• Required work
Extract every line of the material below and reproduce it faithfully.

• Source data
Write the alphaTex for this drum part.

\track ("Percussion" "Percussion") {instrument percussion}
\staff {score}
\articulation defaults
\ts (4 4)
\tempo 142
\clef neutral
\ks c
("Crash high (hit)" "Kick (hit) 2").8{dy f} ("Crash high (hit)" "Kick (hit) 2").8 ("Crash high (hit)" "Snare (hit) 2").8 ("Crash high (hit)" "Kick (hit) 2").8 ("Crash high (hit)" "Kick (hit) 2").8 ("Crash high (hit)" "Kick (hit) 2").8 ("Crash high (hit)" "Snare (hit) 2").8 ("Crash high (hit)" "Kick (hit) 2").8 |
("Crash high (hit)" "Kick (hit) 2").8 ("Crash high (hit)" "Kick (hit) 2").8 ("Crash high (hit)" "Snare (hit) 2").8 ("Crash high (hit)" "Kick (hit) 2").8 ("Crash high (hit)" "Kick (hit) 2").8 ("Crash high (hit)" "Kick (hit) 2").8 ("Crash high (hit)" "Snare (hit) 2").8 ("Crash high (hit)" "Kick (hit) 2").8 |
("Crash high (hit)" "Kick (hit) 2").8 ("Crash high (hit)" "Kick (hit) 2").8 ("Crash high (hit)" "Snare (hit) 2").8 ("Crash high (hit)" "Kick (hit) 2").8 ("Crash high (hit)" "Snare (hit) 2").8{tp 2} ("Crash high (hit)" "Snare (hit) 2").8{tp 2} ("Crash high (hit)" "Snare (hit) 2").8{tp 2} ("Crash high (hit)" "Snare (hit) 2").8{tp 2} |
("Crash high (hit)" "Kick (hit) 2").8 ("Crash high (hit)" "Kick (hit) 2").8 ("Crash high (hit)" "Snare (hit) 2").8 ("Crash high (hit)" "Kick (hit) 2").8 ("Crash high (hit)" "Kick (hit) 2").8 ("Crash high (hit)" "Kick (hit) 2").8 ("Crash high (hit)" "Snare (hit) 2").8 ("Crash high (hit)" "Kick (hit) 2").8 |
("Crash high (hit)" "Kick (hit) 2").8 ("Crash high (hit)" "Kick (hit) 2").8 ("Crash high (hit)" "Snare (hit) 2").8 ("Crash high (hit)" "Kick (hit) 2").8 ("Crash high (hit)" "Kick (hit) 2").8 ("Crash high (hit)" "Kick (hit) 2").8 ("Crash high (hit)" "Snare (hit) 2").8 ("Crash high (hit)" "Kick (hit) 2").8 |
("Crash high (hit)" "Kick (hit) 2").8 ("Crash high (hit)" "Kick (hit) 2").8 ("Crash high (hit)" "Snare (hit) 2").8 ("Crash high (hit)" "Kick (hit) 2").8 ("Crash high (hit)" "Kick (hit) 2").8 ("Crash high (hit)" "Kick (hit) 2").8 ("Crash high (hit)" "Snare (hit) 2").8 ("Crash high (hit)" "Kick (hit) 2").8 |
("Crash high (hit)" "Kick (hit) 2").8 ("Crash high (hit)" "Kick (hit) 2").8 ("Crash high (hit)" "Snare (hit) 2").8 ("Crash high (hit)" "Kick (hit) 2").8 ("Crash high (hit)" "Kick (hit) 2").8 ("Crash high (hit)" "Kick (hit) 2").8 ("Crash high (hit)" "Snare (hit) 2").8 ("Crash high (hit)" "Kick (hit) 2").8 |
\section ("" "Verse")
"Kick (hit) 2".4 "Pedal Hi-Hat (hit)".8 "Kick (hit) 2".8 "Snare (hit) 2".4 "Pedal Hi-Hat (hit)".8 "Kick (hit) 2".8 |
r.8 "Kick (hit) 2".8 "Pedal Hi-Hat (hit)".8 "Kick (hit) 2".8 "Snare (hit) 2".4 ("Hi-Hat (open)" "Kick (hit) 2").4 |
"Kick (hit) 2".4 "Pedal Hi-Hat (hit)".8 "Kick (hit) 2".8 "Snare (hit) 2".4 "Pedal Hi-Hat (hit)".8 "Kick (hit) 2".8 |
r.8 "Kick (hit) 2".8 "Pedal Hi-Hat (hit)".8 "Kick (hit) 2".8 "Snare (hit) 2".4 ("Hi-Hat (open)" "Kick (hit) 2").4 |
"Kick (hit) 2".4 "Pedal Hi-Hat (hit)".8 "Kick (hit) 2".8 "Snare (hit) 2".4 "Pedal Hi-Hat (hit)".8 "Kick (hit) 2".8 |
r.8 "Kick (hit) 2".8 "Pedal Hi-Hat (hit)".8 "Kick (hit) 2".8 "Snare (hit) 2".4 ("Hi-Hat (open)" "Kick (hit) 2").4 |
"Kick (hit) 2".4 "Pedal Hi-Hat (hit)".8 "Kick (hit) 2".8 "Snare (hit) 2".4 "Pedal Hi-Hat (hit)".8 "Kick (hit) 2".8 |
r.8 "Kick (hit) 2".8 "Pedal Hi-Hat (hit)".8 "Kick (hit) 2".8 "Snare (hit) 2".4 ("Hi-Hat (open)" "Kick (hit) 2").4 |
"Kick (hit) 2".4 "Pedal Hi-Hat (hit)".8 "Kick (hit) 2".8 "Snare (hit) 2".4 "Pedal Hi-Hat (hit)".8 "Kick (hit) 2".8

• Solution to this exercise
Write the alphaTex for this drum part.

\track ("Percussion" "Percussion") {instrument percussion}
\staff {score}
\articulation defaults
\ts (4 4)
\tempo 142
\clef neutral
\ks c
("Crash high (hit)" "Kick (hit) 2").8{dy f} ("Crash high (hit)" "Kick (hit) 2").8 ("Crash high (hit)" "Snare (hit) 2").8 ("Crash high (hit)" "Kick (hit) 2").8 ("Crash high (hit)" "Kick (hit) 2").8 ("Crash high (hit)" "Kick (hit) 2").8 ("Crash high (hit)" "Snare (hit) 2").8 ("Crash high (hit)" "Kick (hit) 2").8 |
("Crash high (hit)" "Kick (hit) 2").8 ("Crash high (hit)" "Kick (hit) 2").8 ("Crash high (hit)" "Snare (hit) 2").8 ("Crash high (hit)" "Kick (hit) 2").8 ("Crash high (hit)" "Kick (hit) 2").8 ("Crash high (hit)" "Kick (hit) 2").8 ("Crash high (hit)" "Snare (hit) 2").8 ("Crash high (hit)" "Kick (hit) 2").8 |
("Crash high (hit)" "Kick (hit) 2").8 ("Crash high (hit)" "Kick (hit) 2").8 ("Crash high (hit)" "Snare (hit) 2").8 ("Crash high (hit)" "Kick (hit) 2").8 ("Crash high (hit)" "Snare (hit) 2").8{tp 2} ("Crash high (hit)" "Snare (hit) 2").8{tp 2} ("Crash high (hit)" "Snare (hit) 2").8{tp 2} ("Crash high (hit)" "Snare (hit) 2").8{tp 2} |
("Crash high (hit)" "Kick (hit) 2").8 ("Crash high (hit)" "Kick (hit) 2").8 ("Crash high (hit)" "Snare (hit) 2").8 ("Crash high (hit)" "Kick (hit) 2").8 ("Crash high (hit)" "Kick (hit) 2").8 ("Crash high (hit)" "Kick (hit) 2").8 ("Crash high (hit)" "Snare (hit) 2").8 ("Crash high (hit)" "Kick (hit) 2").8 |
("Crash high (hit)" "Kick (hit) 2").8 ("Crash high (hit)" "Kick (hit) 2").8 ("Crash high (hit)" "Snare (hit) 2").8 ("Crash high (hit)" "Kick (hit) 2").8 ("Crash high (hit)" "Kick (hit) 2").8 ("Crash high (hit)" "Kick (hit) 2").8 ("Crash high (hit)" "Snare (hit) 2").8 ("Crash high (hit)" "Kick (hit) 2").8 |
("Crash high (hit)" "Kick (hit) 2").8 ("Crash high (hit)" "Kick (hit) 2").8 ("Crash high (hit)" "Snare (hit) 2").8 ("Crash high (hit)" "Kick (hit) 2").8 ("Crash high (hit)" "Kick (hit) 2").8 ("Crash high (hit)" "Kick (hit) 2").8 ("Crash high (hit)" "Snare (hit) 2").8 ("Crash high (hit)" "Kick (hit) 2").8 |
("Crash high (hit)" "Kick (hit) 2").8 ("Crash high (hit)" "Kick (hit) 2").8 ("Crash high (hit)" "Snare (hit) 2").8 ("Crash high (hit)" "Kick (hit) 2").8 ("Crash high (hit)" "Kick (hit) 2").8 ("Crash high (hit)" "Kick (hit) 2").8 ("Crash high (hit)" "Snare (hit) 2").8 ("Crash high (hit)" "Kick (hit) 2").8 |
\section ("" "Verse")
"Kick (hit) 2".4 "Pedal Hi-Hat (hit)".8 "Kick (hit) 2".8 "Snare (hit) 2".4 "Pedal Hi-Hat (hit)".8 "Kick (hit) 2".8 |
r.8 "Kick (hit) 2".8 "Pedal Hi-Hat (hit)".8 "Kick (hit) 2".8 "Snare (hit) 2".4 ("Hi-Hat (open)" "Kick (hit) 2").4 |
"Kick (hit) 2".4 "Pedal Hi-Hat (hit)".8 "Kick (hit) 2".8 "Snare (hit) 2".4 "Pedal Hi-Hat (hit)".8 "Kick (hit) 2".8 |
r.8 "Kick (hit) 2".8 "Pedal Hi-Hat (hit)".8 "Kick (hit) 2".8 "Snare (hit) 2".4 ("Hi-Hat (open)" "Kick (hit) 2").4 |
"Kick (hit) 2".4 "Pedal Hi-Hat (hit)".8 "Kick (hit) 2".8 "Snare (hit) 2".4 "Pedal Hi-Hat (hit)".8 "Kick (hit) 2".8 |
r.8 "Kick (hit) 2".8 "Pedal Hi-Hat (hit)".8 "Kick (hit) 2".8 "Snare (hit) 2".4 ("Hi-Hat (open)" "Kick (hit) 2").4 |
"Kick (hit) 2".4 "Pedal Hi-Hat (hit)".8 "Kick (hit) 2".8 "Snare (hit) 2".4 "Pedal Hi-Hat (hit)".8 "Kick (hit) 2".8 |
r.8 "Kick (hit) 2".8 "Pedal Hi-Hat (hit)".8 "Kick (hit) 2".8 "Snare (hit) 2".4 ("Hi-Hat (open)" "Kick (hit) 2").4 |
"Kick (hit) 2".4 "Pedal Hi-Hat (hit)".8 "Kick (hit) 2".8 "Snare (hit) 2".4 "Pedal Hi-Hat (hit)".8 "Kick (hit) 2".8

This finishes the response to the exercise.